Does he have a favorite of all his adventures? “The first one is the real adventure. Because you’re doing the unknown. Adventure to me is the unknown. Just pushing yourself into the unknown.”

Later that day, as I watch him standing in front of Moby for a photograph, the whale boat seems as much a work of art as the simple “marketing idea” McClean says it is. It’s mythic dimension resonates with so much of his own life. Pioneering psychologist Carl Jung saw the story of Jonah and the whale as an archetypal legend, with the story of an individual being swallowed up by some creature and then spat out recurring in cultures and religions all around the world—whether a whale or a dragon or a wolf. He called it the “Myth of the Night Sea Journey,” with the hero undergoing a descent into darkness or temporary death. When he emerges alive after this encounter with the raw power of nature he’s transformed, he has a wholeness he lacked before.

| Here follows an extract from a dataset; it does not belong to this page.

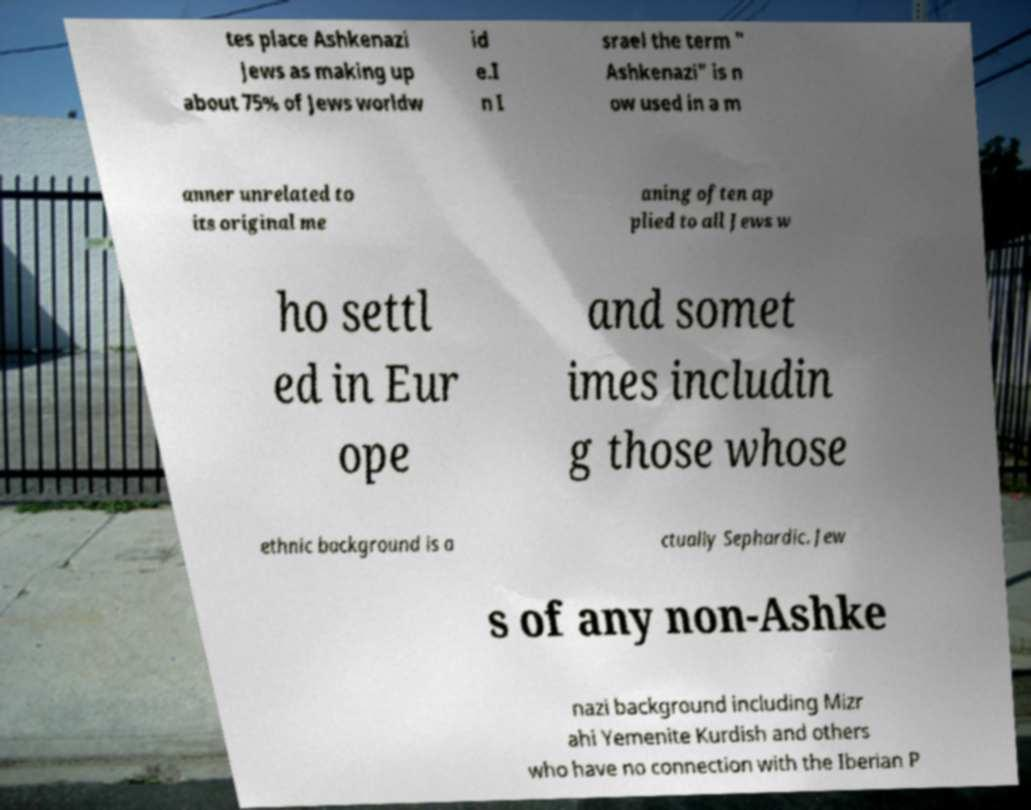Could you assist in decoding the text presented in this image and type it out clearly? tes place Ashkenazi Jews as making up about 75% of Jews worldw id e.I n I srael the term " Ashkenazi" is n ow used in a m anner unrelated to its original me aning often ap plied to all Jews w ho settl ed in Eur ope and somet imes includin g those whose ethnic background is a ctually Sephardic. Jew s of any non-Ashke nazi background including Mizr ahi Yemenite Kurdish and others who have no connection with the Iberian P

Whales have a powerful hold on the human imagination. You only have to think of the huge crowds drawn to the riverside in England when one was stranded in the Thames in 2006, or the reach of Herman Melville’s Moby Dick. It makes it a potent image for McClean’s environmental campaign. But it’s also an allegorical representation of his own life—the orphan-boy spewed up by the Atlantic onto an Irish beach. A boy who underwent, in Jung’s phrase, “The perilous adventure of the night sea journey, whose end and aim is the restoration of life, resurrection, and the triumph over death.” Whether or not it’s a symbol of McClean’s own journey, Moby is his monument to the spirit of adventure itself.

McClean would, of course, downplay such high-flown talk. In a couple of weeks, he’s going on a camping trip with his two grown-up sons, crawling round the Peak District for three days in whatever wet and cold an English winter can throw at them: “It’s still in me to be basic and simple and straightforward,” he says. “I enjoy the simplicity of it all. Nothing grand. I’ll be happy. They’ll bugger off up the hill and put Radio 4 on and leave me alone, and I’ll have a kip for three hours. And they say, ‘Well what a boring fucking thing to do, just lay there and kip.’ But I feel quite smug. I don’t know. It’s just nice.”